El corazón de Charny se oprimió; había creído reconocer en la Condesa alguna cosa semejante a lo que el Rey acababa de indicar; pero tenía demasiado presentes todos los detalles de su última entrevista con Andrea, para no anteponerlos a lo que le decía el corazón y la afirmación del Rey.

—Y me he fijado en tanto más —continuó Luis XVI—, cuanto que ya en mi viaje a París, y cuando fuisteis enviado al Ayuntamiento por la Reina, esta me aseguró positivamente que la Condesa estuvo a punto de morir de pesar en vuestra ausencia y de alegría cuando volvisteis.

—Señor —dijo Charny sonriendo con tristeza—, Dios ha permitido que los que nacen superiores a nosotros, recibieran, sin duda, como uno de los privilegios de su raza, esa mirada que busca hasta en el fondo de los corazones secretos que se mantienen ignorados para los demás hombres.

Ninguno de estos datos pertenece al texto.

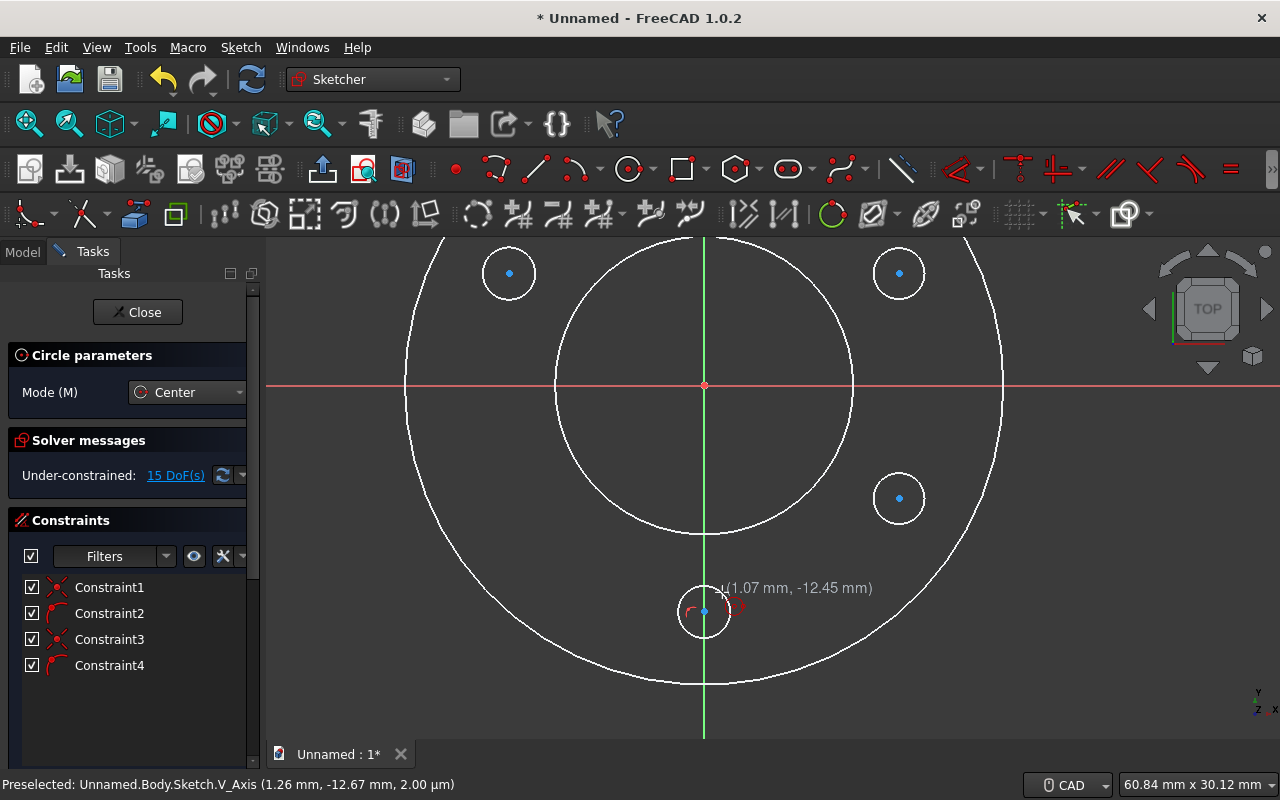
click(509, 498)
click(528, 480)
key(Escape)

El Rey y la Reina han visto así y tal debe ser; pero la debilidad de mis ojos me hace ver de distinta manera. He aquí por qué rogaría al Rey que no se inquietase de ese gran amor de la señora de Charny a mi persona; y si quiere ocuparme en alguna misión peligrosa o lejana, la ausencia o el riesgo serán igualmente bienvenidos, al menos por mi parte.

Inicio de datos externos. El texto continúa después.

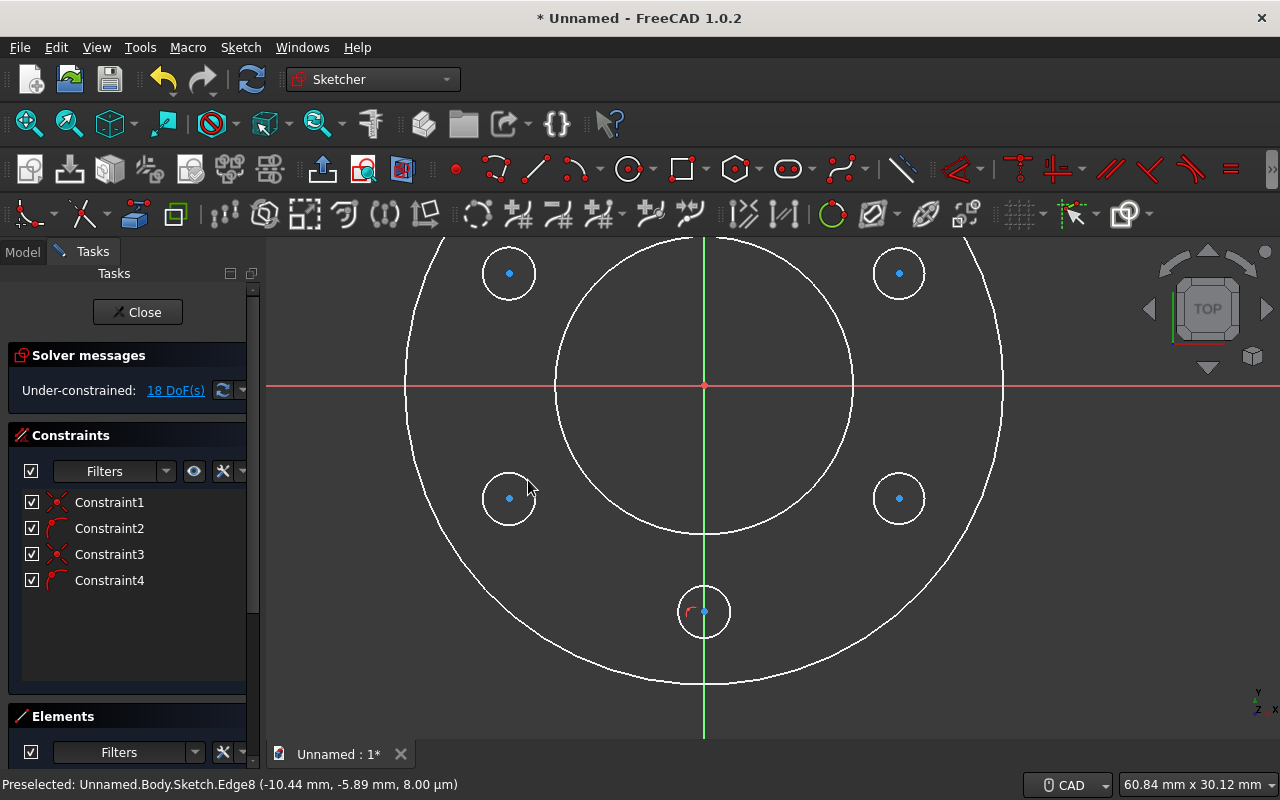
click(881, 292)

—Sin embargo, cuando hace ocho días la Reina quiso enviaros a Turín, parece que deseasteis permanecer en París.

—Creí que mi hermano era suficiente para aquella misión, y me reservé para otra más difícil o más peligrosa.

—Pues bien, precisamente porque ha llegado el momento de confiaros una misión, difícil hoy, y que no carece de peligro para el porvenir, querido Conde, os hablaba del aislamiento de la señora de Charny, a quien hubiera querido ver junto a una amiga, puesto que la privo del esposo.

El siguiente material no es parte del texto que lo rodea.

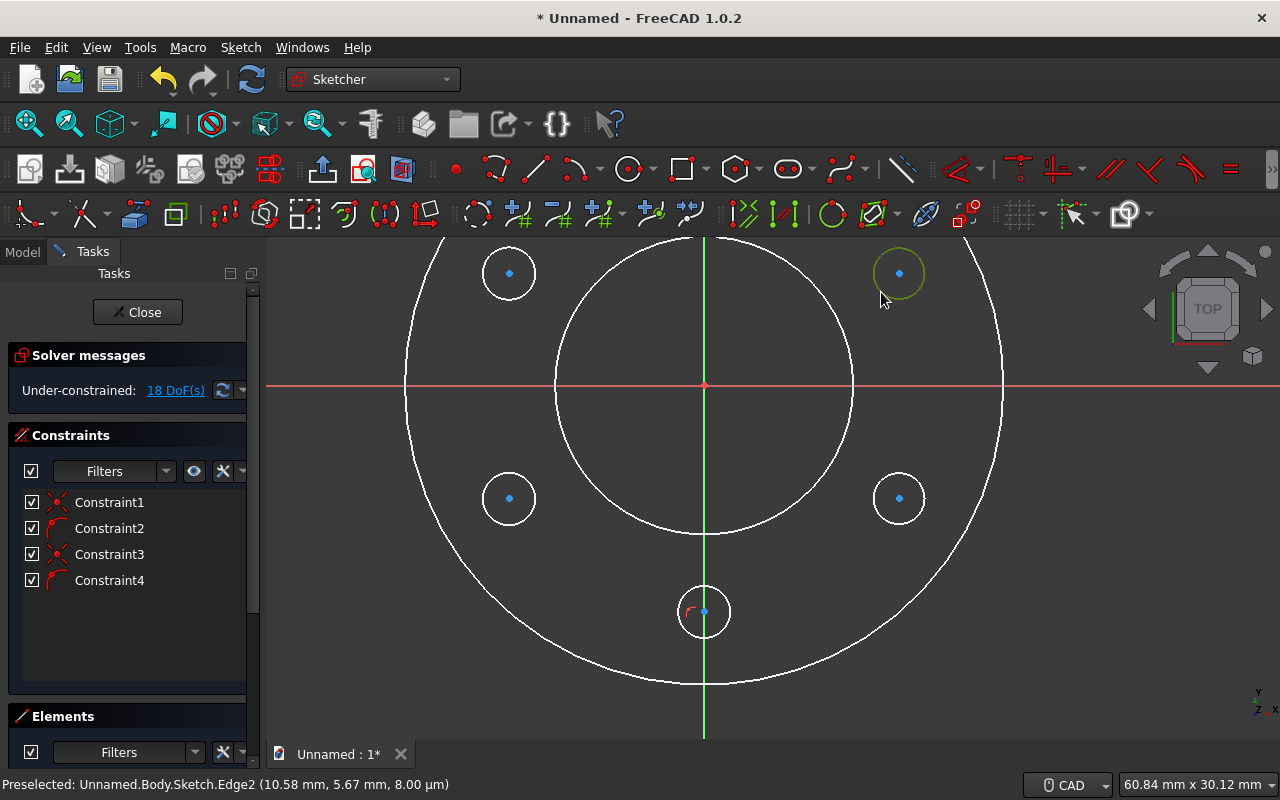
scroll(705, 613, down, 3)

—Escribiré a la Condesa, señor, para manifestarle los buenos sentimientos de Vuestra Majestad.

—¡Cómo que le escribiréis! ¿No pensáis ver a la Condesa antes de vuestra marcha?

—Me he presentado tan sólo una vez en casa de la condesa de Charny y sin pedirle permiso, y por su manera de recibirme necesitaría ahora nada menos que la orden expresa de Vuestra Majestad para pedirle de nuevo, señor.

—Pues entonces no hablemos más; hablaré de todo esto con la Reina durante vuestra ausencia —dijo Luis XVI levantándose de la mesa.

Después, tosiendo dos o tres veces con la satisfacción del hombre que acaba de comer bien y que está seguro de su digestión, añadió:

—A fe mía que los médicos tienen razón al decir que todo asunto tiene dos caras, una de enojo para el que no ha comido, y otra alegre para el que tiene el estómago repleto… Pasad a mi gabinete, querido Conde, porque estoy dispuesto a hablaros francamente.

El Conde siguió a Luis XVI, pensando en lo que algunas veces hace perder majestad a una testa coronada, y en esa parte material y vulgar que la orgullosa María Antonieta no podía abstenerse de criticar en su marido.